# [WHAT THE EXERCISE ASKS]
Please find every line of the listing below where "layers" occurs and copy it.

::: PROVIDED ENTRIES :::

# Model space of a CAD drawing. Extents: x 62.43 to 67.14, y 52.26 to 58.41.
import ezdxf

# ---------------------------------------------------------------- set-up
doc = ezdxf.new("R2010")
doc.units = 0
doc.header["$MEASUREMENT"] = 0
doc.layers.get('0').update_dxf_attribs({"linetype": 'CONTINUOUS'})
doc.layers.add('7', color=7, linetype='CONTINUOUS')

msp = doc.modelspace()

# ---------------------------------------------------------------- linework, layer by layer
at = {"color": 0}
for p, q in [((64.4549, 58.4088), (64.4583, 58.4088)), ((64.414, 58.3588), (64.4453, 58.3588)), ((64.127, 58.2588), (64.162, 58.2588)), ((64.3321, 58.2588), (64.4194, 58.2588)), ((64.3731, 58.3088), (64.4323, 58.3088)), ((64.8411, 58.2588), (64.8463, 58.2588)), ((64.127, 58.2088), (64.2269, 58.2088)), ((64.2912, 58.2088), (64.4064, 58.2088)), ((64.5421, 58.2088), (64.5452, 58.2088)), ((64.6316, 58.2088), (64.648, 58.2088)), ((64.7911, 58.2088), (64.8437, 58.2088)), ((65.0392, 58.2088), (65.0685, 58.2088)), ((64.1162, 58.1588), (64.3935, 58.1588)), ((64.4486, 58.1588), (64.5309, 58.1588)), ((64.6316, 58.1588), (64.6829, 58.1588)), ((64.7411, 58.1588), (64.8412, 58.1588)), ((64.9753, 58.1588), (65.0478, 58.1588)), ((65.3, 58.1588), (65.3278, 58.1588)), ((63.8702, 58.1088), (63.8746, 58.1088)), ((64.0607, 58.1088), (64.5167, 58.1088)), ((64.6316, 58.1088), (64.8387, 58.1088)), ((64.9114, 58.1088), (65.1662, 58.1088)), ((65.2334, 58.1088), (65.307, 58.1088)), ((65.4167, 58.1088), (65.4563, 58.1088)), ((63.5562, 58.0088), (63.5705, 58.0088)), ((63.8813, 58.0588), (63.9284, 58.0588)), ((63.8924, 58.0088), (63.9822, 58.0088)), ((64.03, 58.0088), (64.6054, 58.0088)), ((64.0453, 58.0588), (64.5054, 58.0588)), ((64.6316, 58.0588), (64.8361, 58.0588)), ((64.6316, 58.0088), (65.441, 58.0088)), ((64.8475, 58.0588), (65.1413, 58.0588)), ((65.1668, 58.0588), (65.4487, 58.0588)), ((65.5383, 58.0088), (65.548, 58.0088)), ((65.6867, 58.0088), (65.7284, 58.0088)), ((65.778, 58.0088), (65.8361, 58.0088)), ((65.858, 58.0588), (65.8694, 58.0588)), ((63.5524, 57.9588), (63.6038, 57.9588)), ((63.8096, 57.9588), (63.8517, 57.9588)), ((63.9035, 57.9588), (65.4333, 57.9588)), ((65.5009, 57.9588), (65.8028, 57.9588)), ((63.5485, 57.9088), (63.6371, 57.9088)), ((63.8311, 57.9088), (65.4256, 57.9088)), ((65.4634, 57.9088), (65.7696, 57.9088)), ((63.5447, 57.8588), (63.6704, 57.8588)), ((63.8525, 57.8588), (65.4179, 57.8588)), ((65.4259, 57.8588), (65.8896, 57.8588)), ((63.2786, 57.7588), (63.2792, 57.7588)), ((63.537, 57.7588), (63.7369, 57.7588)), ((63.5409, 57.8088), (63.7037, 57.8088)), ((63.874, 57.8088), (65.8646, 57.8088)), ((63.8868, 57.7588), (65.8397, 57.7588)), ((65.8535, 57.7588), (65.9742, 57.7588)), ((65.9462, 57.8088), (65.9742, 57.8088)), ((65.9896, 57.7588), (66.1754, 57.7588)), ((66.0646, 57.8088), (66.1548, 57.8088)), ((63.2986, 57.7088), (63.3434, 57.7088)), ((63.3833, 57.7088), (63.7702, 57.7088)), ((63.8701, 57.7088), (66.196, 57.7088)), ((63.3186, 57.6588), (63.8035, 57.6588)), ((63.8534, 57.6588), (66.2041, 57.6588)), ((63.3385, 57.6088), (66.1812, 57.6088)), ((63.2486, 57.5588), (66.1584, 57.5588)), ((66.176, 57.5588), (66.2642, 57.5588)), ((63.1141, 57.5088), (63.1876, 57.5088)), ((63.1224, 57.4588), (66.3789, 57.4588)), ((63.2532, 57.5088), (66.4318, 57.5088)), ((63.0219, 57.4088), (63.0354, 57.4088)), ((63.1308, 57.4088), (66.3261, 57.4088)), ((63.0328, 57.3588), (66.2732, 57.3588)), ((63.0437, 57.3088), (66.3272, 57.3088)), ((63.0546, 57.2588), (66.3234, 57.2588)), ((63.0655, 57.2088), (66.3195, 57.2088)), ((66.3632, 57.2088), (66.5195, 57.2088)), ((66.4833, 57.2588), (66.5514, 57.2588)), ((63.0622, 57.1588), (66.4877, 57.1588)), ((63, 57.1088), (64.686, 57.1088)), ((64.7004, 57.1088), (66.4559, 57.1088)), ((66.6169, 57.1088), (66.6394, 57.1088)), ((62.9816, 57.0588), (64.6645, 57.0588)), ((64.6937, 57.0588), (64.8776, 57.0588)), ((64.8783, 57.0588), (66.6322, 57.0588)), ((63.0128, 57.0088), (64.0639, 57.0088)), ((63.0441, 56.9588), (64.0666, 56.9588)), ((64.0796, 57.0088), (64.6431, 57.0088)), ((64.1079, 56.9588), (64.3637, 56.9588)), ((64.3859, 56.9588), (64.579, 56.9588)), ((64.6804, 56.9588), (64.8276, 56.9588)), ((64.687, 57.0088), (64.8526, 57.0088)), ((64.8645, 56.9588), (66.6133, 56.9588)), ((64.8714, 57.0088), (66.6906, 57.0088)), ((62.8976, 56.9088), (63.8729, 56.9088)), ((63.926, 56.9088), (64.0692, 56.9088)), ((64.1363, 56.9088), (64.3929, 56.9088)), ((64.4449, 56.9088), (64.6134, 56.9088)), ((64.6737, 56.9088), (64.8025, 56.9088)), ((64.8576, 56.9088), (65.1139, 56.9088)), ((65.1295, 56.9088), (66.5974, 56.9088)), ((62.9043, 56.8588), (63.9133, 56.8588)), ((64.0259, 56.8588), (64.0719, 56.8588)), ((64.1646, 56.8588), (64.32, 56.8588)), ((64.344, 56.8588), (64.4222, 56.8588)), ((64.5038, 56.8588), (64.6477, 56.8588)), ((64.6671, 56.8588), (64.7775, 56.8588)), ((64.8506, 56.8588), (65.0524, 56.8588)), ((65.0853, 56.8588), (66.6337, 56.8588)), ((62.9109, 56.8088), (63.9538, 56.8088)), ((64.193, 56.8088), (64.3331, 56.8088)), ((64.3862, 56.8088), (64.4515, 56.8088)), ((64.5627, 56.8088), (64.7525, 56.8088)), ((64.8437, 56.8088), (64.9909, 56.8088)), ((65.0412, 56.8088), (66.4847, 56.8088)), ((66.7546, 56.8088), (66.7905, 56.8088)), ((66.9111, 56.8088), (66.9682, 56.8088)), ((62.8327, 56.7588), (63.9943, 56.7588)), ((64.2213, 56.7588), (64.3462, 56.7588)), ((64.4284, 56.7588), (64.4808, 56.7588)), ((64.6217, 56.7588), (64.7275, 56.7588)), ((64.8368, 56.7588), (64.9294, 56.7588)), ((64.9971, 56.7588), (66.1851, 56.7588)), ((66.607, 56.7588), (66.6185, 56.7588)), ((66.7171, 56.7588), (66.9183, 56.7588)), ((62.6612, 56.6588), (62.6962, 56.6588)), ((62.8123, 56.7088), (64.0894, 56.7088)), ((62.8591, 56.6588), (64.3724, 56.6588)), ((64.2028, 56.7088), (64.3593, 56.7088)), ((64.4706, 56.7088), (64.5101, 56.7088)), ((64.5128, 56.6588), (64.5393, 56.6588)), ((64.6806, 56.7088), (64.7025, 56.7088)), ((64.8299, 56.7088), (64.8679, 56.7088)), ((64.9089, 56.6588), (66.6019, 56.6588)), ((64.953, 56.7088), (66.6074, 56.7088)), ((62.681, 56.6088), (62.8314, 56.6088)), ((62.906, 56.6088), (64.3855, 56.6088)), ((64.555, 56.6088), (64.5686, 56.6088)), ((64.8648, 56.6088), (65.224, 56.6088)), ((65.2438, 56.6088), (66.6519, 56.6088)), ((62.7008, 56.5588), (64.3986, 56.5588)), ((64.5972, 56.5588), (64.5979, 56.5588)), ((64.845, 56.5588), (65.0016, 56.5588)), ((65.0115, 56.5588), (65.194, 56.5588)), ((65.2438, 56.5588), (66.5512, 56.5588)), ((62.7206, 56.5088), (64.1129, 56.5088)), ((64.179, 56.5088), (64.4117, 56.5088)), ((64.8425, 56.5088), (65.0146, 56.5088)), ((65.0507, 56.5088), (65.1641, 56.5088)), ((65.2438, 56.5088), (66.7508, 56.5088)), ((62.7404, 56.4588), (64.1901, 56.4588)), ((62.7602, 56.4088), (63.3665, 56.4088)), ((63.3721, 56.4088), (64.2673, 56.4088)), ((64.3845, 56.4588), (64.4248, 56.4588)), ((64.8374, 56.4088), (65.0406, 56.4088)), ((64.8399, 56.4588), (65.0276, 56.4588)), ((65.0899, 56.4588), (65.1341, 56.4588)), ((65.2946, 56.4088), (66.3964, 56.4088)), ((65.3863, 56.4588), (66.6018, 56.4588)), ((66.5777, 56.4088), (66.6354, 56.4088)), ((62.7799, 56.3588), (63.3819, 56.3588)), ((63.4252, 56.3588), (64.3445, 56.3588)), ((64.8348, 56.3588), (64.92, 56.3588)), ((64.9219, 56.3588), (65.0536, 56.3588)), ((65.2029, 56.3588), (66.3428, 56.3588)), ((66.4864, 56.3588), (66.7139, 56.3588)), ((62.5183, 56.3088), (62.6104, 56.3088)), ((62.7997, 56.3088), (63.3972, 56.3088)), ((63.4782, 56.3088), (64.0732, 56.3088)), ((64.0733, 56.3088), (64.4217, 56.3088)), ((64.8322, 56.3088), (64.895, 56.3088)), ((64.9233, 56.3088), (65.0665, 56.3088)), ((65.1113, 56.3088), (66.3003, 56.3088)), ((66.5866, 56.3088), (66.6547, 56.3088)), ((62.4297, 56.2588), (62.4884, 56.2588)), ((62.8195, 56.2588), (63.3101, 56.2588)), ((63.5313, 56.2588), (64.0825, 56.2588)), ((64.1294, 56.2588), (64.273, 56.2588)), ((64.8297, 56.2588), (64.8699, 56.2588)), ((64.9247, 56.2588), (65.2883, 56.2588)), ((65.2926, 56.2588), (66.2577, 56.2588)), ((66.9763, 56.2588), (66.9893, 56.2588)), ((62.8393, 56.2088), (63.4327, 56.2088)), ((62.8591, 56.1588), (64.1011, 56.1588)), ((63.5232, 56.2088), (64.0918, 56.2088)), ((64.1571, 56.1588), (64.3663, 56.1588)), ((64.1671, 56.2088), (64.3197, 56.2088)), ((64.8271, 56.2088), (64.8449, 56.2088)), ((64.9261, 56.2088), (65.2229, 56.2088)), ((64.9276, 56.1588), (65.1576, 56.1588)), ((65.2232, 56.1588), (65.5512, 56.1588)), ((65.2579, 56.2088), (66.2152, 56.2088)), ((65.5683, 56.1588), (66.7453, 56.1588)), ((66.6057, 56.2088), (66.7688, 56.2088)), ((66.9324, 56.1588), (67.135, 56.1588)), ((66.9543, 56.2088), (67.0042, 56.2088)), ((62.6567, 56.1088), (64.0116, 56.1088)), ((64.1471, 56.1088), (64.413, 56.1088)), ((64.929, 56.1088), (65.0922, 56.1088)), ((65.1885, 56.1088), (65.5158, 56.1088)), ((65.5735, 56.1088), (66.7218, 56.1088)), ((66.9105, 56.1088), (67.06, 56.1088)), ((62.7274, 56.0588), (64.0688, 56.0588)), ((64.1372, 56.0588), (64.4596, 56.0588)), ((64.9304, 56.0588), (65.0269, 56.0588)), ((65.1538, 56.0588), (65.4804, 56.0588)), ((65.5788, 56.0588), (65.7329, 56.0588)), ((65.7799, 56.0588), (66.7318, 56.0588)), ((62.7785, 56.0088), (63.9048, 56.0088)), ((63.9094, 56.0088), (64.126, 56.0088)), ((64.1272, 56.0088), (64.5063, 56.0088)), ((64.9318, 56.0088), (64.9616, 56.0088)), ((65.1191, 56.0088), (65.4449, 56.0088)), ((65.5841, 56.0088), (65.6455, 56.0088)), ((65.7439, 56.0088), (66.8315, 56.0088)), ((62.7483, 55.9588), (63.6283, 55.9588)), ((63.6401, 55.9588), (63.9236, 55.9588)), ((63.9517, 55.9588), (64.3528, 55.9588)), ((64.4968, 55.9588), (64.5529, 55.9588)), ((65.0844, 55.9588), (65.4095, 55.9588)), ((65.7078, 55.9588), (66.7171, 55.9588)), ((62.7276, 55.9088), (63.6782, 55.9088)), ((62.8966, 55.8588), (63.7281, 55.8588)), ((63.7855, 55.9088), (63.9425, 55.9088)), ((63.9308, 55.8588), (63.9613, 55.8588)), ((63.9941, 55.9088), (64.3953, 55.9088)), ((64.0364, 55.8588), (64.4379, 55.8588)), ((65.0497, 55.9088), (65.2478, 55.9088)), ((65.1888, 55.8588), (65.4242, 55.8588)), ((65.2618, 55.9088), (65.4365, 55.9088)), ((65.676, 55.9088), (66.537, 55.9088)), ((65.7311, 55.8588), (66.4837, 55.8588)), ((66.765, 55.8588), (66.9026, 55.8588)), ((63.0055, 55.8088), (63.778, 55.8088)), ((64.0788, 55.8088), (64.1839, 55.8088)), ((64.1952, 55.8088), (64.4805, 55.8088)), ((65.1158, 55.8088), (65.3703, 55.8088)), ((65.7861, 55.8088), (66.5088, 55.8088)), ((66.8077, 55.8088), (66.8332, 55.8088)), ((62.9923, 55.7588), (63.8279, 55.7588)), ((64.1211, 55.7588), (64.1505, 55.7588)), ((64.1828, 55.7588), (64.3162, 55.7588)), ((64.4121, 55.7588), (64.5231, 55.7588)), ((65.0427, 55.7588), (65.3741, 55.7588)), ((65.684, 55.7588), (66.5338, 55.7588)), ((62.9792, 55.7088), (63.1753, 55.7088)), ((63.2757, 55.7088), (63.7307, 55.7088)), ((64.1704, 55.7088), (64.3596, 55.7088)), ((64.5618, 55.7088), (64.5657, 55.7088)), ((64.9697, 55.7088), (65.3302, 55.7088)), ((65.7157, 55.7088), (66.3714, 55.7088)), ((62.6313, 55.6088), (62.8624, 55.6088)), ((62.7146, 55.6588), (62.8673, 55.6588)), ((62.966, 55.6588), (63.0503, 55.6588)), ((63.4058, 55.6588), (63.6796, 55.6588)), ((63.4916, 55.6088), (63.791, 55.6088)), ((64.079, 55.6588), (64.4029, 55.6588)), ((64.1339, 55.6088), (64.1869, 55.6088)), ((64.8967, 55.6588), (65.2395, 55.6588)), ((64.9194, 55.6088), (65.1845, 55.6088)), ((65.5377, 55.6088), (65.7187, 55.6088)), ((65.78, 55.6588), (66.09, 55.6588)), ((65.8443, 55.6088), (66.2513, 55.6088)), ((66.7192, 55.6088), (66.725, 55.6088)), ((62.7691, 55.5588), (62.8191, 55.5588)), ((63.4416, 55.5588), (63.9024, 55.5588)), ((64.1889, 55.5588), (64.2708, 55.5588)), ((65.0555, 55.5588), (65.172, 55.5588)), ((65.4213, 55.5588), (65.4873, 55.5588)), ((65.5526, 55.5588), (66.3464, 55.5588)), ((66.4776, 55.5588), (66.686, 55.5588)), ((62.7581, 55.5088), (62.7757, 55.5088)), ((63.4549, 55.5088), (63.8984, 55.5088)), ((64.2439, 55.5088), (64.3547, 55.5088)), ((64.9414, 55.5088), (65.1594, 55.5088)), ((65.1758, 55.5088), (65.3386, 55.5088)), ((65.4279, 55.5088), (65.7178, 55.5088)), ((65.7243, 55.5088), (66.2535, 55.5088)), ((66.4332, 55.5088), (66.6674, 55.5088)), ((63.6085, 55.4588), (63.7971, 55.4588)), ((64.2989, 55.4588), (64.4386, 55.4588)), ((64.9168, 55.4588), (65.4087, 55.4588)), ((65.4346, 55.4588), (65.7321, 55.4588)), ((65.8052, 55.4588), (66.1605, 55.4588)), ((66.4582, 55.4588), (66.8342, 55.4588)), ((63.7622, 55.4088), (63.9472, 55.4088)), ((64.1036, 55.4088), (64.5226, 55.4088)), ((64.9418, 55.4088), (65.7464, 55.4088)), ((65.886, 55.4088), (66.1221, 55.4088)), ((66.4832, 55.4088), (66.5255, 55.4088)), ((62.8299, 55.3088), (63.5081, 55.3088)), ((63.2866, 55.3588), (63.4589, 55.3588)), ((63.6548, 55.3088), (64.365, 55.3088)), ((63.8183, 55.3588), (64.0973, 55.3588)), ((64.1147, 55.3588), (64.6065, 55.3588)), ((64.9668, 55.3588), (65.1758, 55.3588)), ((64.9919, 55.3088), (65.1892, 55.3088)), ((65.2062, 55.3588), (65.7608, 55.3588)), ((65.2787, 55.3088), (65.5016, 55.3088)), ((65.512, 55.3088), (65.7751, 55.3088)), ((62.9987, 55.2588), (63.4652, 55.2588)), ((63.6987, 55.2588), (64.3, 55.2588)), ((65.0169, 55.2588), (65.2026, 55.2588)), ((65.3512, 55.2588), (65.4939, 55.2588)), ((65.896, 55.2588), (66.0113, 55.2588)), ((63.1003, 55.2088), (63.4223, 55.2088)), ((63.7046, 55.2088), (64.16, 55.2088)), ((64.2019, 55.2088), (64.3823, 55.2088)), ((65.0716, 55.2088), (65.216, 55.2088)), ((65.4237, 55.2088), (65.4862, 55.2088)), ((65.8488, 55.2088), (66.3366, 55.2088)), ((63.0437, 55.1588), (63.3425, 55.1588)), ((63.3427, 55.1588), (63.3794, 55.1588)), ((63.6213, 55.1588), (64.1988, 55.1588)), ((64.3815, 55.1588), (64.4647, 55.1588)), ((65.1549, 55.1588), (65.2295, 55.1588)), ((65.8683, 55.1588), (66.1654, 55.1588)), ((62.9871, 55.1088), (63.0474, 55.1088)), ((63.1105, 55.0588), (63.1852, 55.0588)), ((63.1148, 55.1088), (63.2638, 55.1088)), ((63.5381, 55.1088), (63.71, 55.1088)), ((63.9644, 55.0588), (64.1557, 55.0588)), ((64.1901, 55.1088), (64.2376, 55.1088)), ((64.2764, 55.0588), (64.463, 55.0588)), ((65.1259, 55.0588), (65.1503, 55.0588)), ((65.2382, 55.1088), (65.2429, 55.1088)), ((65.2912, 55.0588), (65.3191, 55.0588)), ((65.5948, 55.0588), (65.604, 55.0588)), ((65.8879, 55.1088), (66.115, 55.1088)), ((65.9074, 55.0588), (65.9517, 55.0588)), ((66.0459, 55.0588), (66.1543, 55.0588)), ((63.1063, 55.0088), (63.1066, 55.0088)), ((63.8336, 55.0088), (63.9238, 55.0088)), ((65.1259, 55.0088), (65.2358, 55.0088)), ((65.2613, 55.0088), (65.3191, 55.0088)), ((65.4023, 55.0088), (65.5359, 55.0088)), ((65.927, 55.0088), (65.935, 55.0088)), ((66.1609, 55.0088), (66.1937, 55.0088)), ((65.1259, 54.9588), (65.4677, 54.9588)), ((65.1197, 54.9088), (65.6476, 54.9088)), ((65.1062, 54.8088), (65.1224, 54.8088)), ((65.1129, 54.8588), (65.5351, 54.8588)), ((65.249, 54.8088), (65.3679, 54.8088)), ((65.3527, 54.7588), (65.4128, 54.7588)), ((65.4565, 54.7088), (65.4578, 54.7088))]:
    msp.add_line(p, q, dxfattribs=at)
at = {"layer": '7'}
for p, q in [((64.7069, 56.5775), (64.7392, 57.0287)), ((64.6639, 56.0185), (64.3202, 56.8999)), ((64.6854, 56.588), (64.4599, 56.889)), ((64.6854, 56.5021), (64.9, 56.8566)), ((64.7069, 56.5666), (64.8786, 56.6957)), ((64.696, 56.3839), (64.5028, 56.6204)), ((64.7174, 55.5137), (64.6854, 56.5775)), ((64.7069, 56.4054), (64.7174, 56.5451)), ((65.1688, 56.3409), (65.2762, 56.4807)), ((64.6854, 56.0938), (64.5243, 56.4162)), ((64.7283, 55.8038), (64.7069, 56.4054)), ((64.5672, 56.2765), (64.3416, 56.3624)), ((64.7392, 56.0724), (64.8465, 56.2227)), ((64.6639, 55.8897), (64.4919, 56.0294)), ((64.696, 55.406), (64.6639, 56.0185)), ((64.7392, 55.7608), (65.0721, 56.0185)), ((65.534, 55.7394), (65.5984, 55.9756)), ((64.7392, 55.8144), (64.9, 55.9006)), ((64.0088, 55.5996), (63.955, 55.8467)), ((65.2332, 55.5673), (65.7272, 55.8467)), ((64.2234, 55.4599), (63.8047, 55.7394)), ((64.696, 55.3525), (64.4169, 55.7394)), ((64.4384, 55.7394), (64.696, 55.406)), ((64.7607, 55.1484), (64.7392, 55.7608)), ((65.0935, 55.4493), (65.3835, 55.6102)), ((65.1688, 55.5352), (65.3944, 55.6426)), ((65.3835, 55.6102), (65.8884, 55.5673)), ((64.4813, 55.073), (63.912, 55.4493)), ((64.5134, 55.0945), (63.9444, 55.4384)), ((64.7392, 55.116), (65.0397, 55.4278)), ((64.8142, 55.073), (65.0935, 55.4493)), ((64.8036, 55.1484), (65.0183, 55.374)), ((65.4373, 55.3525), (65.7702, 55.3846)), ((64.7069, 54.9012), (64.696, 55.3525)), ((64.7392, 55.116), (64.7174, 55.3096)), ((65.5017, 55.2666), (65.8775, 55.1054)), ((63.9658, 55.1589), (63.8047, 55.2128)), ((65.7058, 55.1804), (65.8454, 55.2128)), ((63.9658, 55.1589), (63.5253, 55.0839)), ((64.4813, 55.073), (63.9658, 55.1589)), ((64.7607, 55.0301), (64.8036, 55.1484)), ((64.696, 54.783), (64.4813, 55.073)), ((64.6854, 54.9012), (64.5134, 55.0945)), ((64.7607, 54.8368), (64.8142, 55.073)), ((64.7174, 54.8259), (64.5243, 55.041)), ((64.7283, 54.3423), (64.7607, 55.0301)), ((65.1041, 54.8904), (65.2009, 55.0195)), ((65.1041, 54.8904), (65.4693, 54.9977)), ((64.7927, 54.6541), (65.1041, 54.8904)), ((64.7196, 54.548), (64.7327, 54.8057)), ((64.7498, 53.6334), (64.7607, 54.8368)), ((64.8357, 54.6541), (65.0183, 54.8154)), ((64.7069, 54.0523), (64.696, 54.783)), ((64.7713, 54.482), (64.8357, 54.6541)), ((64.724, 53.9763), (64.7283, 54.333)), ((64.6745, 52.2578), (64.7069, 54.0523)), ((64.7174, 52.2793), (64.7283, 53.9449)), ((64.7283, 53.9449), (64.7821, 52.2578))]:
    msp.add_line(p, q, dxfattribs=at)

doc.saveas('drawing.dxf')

:::

# [TASK SOLUTION]
doc.layers.get('0').update_dxf_attribs({"linetype": 'CONTINUOUS'})
doc.layers.add('7', color=7, linetype='CONTINUOUS')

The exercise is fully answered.